UNCAGE addresses the issue of misaligned attribute binding in MGTs through a novel approach centered on unmasking order strategies. The method employs contrastive attention guidance to prioritize tokens that clearly represent each object in the textual prompt. This process is divided into several key steps:

Attention Map Extraction: UNCAGE utilizes attention maps from the MGT to determine which tokens should be unmasked. These maps are smoothed with a Gaussian filter to enhance stability.
Contrastive Attention Score: The method computes a contrastive attention score for each token, determining its importance based on positive and negative pair constraints:
- Positive Pair Constraint: Encourages unmasking tokens where object and attribute tokens from the same object in the prompt have high attention.
- Negative Pair Constraint: Discourages unmasking tokens with high attention from unrelated objects to avoid attribute leakage.
Implementation Strategy: UNCAGE modifies the unmasking logic of the MGT by adding the contrastive attention score to existing confidence and randomness terms, guiding the selection of unmasked tokens during the generation process.
Figure 1: Overview of UNCAGE, illustrating the effectiveness of contrastive attention guidance in generating both a car and an apple from a given prompt.

Experimental Evaluation

The efficacy of UNCAGE is demonstrated through qualitative and quantitative experiments across multiple benchmarks, including the Attend-and-Excite and SSD datasets. Metrics such as CLIP text-image similarity and GPT-based evaluations consistently show that UNCAGE outperforms existing methods in terms of accuracy and text-image alignment with negligible inference overhead.

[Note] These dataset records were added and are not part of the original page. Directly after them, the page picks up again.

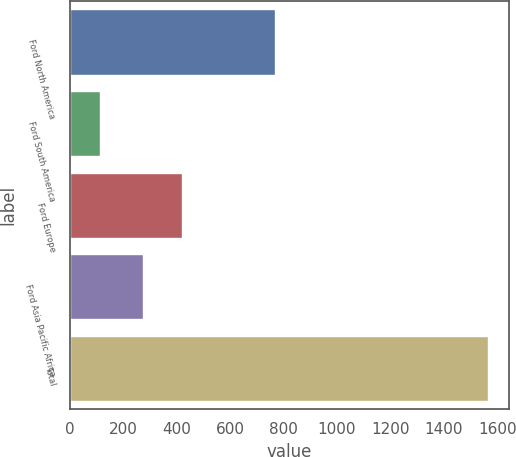Convert chart. <chart><loc_0><loc_0><loc_500><loc_500><bar_chart><fcel>Ford North America<fcel>Ford South America<fcel>Ford Europe<fcel>Ford Asia Pacific Africa<fcel>Total<nl><fcel>770<fcel>115<fcel>420<fcel>275<fcel>1565<nl></chart> 
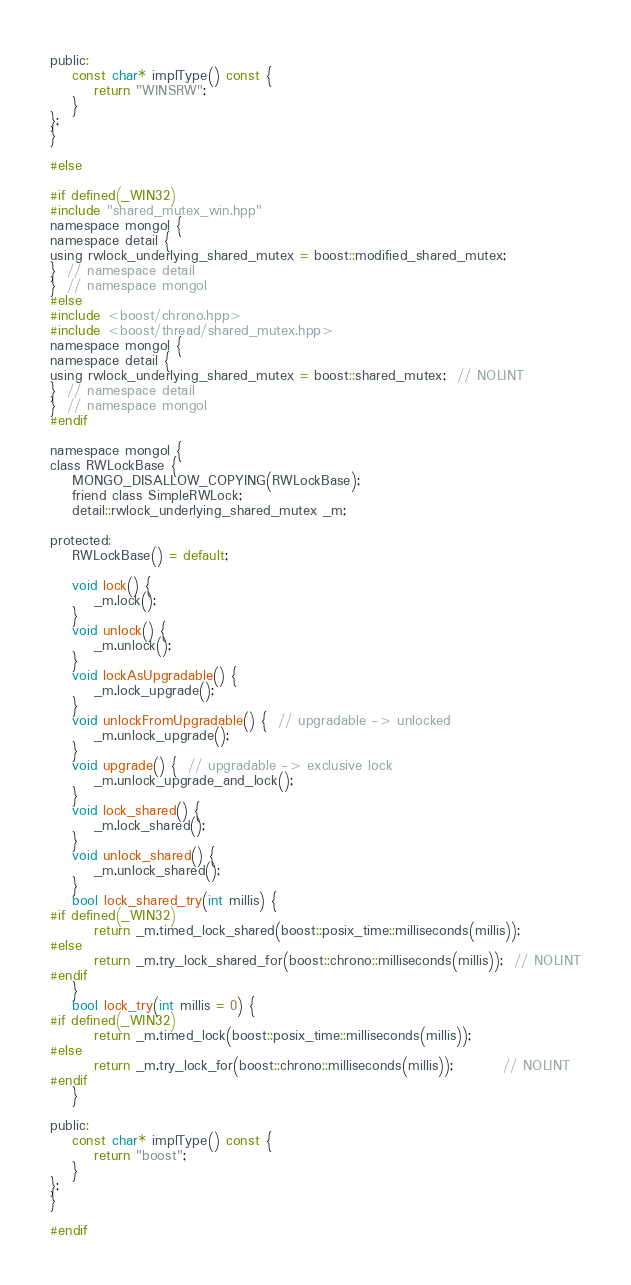<code> <loc_0><loc_0><loc_500><loc_500><_C_>public:
    const char* implType() const {
        return "WINSRW";
    }
};
}

#else

#if defined(_WIN32)
#include "shared_mutex_win.hpp"
namespace mongol {
namespace detail {
using rwlock_underlying_shared_mutex = boost::modified_shared_mutex;
}  // namespace detail
}  // namespace mongol
#else
#include <boost/chrono.hpp>
#include <boost/thread/shared_mutex.hpp>
namespace mongol {
namespace detail {
using rwlock_underlying_shared_mutex = boost::shared_mutex;  // NOLINT
}  // namespace detail
}  // namespace mongol
#endif

namespace mongol {
class RWLockBase {
    MONGO_DISALLOW_COPYING(RWLockBase);
    friend class SimpleRWLock;
    detail::rwlock_underlying_shared_mutex _m;

protected:
    RWLockBase() = default;

    void lock() {
        _m.lock();
    }
    void unlock() {
        _m.unlock();
    }
    void lockAsUpgradable() {
        _m.lock_upgrade();
    }
    void unlockFromUpgradable() {  // upgradable -> unlocked
        _m.unlock_upgrade();
    }
    void upgrade() {  // upgradable -> exclusive lock
        _m.unlock_upgrade_and_lock();
    }
    void lock_shared() {
        _m.lock_shared();
    }
    void unlock_shared() {
        _m.unlock_shared();
    }
    bool lock_shared_try(int millis) {
#if defined(_WIN32)
        return _m.timed_lock_shared(boost::posix_time::milliseconds(millis));
#else
        return _m.try_lock_shared_for(boost::chrono::milliseconds(millis));  // NOLINT
#endif
    }
    bool lock_try(int millis = 0) {
#if defined(_WIN32)
        return _m.timed_lock(boost::posix_time::milliseconds(millis));
#else
        return _m.try_lock_for(boost::chrono::milliseconds(millis));         // NOLINT
#endif
    }

public:
    const char* implType() const {
        return "boost";
    }
};
}

#endif
</code>

Quantitative Results: UNCAGE consistently outperforms baseline methods like Meissonic and the Halton Scheduler in benchmarks evaluating compositional fidelity.
Qualitative Results: The method effectively generates images where multiple objects and their attributes are correctly aligned with the prompts, avoiding common pitfalls like attribute mixing.

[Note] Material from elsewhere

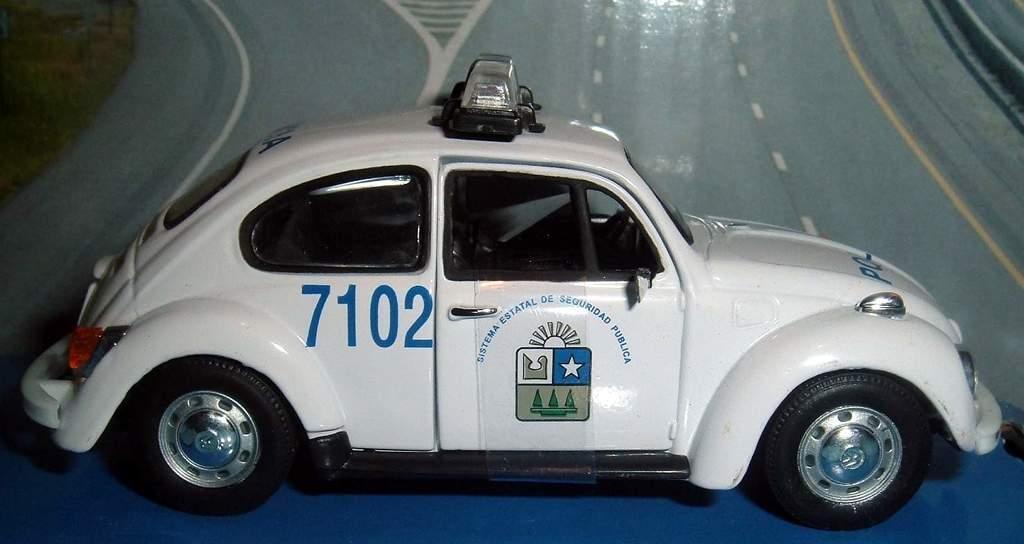Please provide a concise description of this image. In this image we can see a white color car, on the car, we can see the lights and some text, in the background, it looks like the road.

Figure 2: Qualitative results on the Attend-and-Excite dataset showing the improved attribute alignment with UNCAGE.

Limitations and Future Directions

While UNCAGE provides significant improvements in compositional T2I tasks, its performance is limited by the constraints of the pretrained model. Situations involving entrenched biases or unusual compositional scenarios may still present challenges. Future work could explore hybrid methodologies that integrate gradient-based refinement or training extensions to further enhance compositional accuracy.

Conclusion

UNCAGE presents a novel advancement in text-to-image generation with Masked Generative Transformers, specifically addressing the complex issue of compositional fidelity without additional computational overhead. By refining the unmasking process through contrastive attention guidance, UNCAGE offers a promising path forward for enhanced image generation capabilities in AI, with implications for deployment in creative industries and automation requiring nuanced visual synthesis.